> **Data for this task**:
####################

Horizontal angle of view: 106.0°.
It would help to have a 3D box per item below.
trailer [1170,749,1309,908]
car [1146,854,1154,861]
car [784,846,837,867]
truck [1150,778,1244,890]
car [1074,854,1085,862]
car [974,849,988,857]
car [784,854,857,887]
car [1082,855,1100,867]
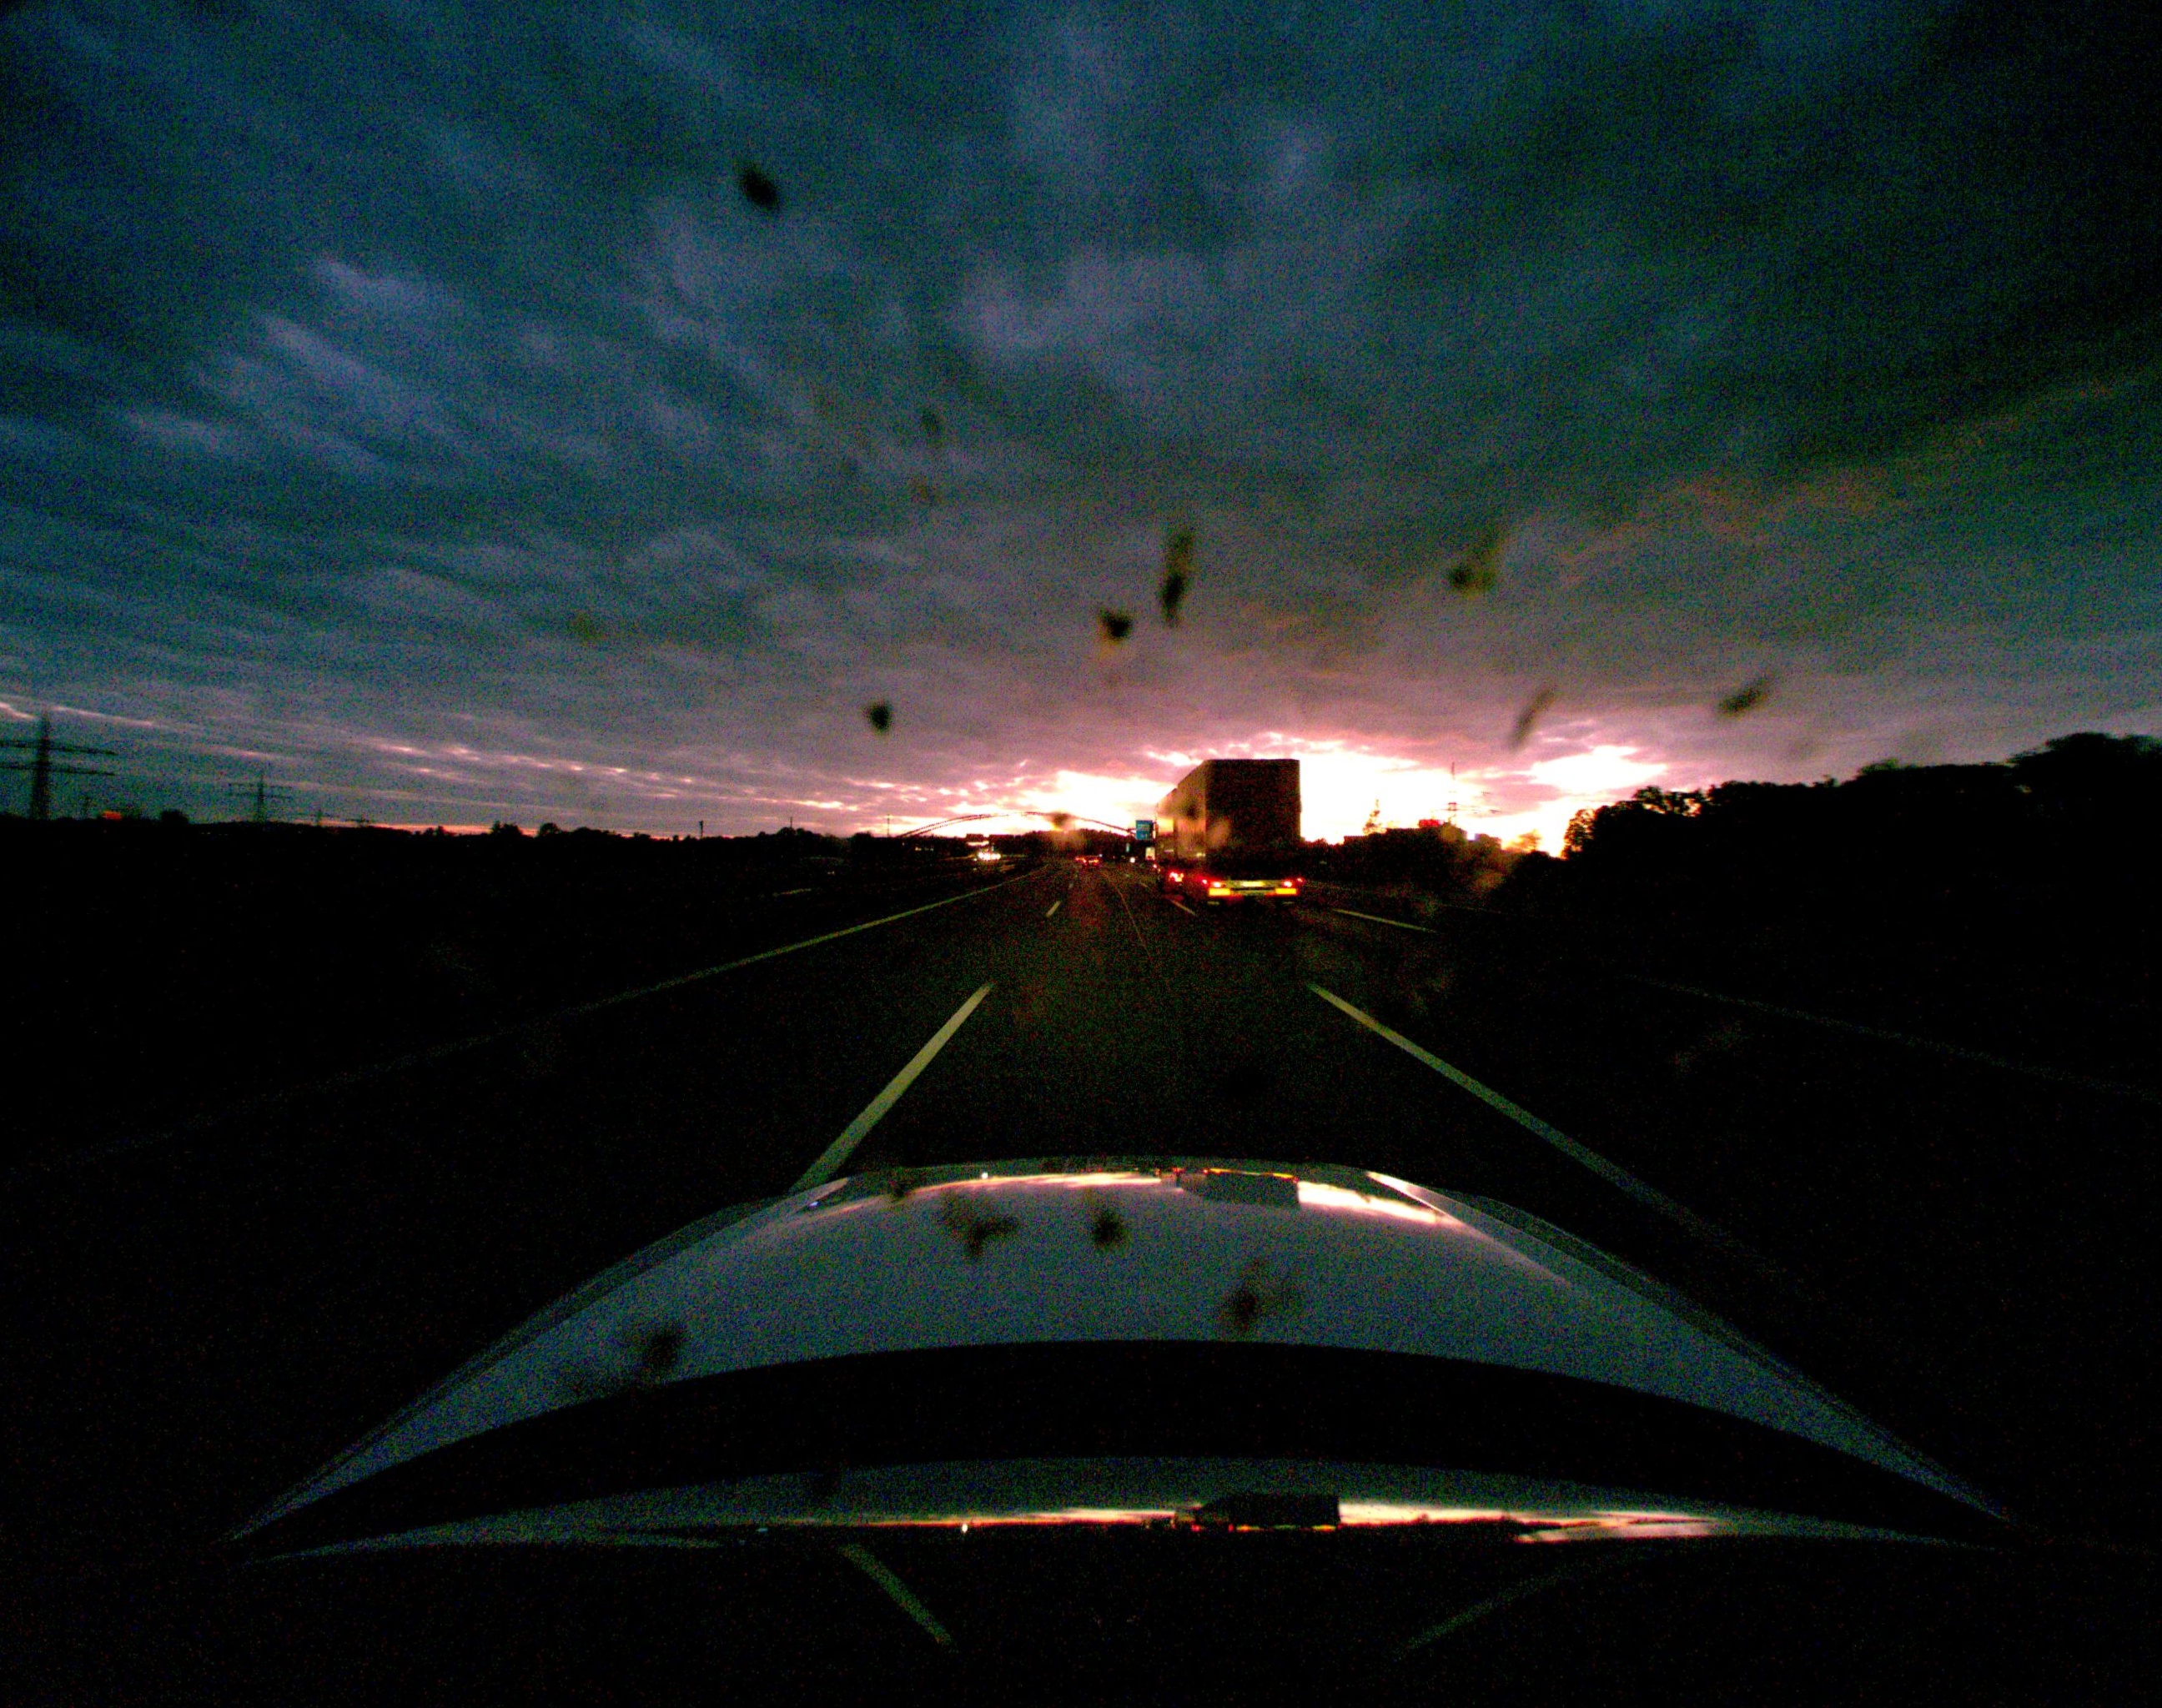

####################

> **Description of the task**:
The reply must contain every entry above, exactly as written, and none of the pictures.

> **Task response**:
Horizontal angle of view: 106.0°.
It would help to have a 3D box per item below.
trailer [1170,749,1309,908]
car [1146,854,1154,861]
car [784,846,837,867]
truck [1150,778,1244,890]
car [1074,854,1085,862]
car [974,849,988,857]
car [784,854,857,887]
car [1082,855,1100,867]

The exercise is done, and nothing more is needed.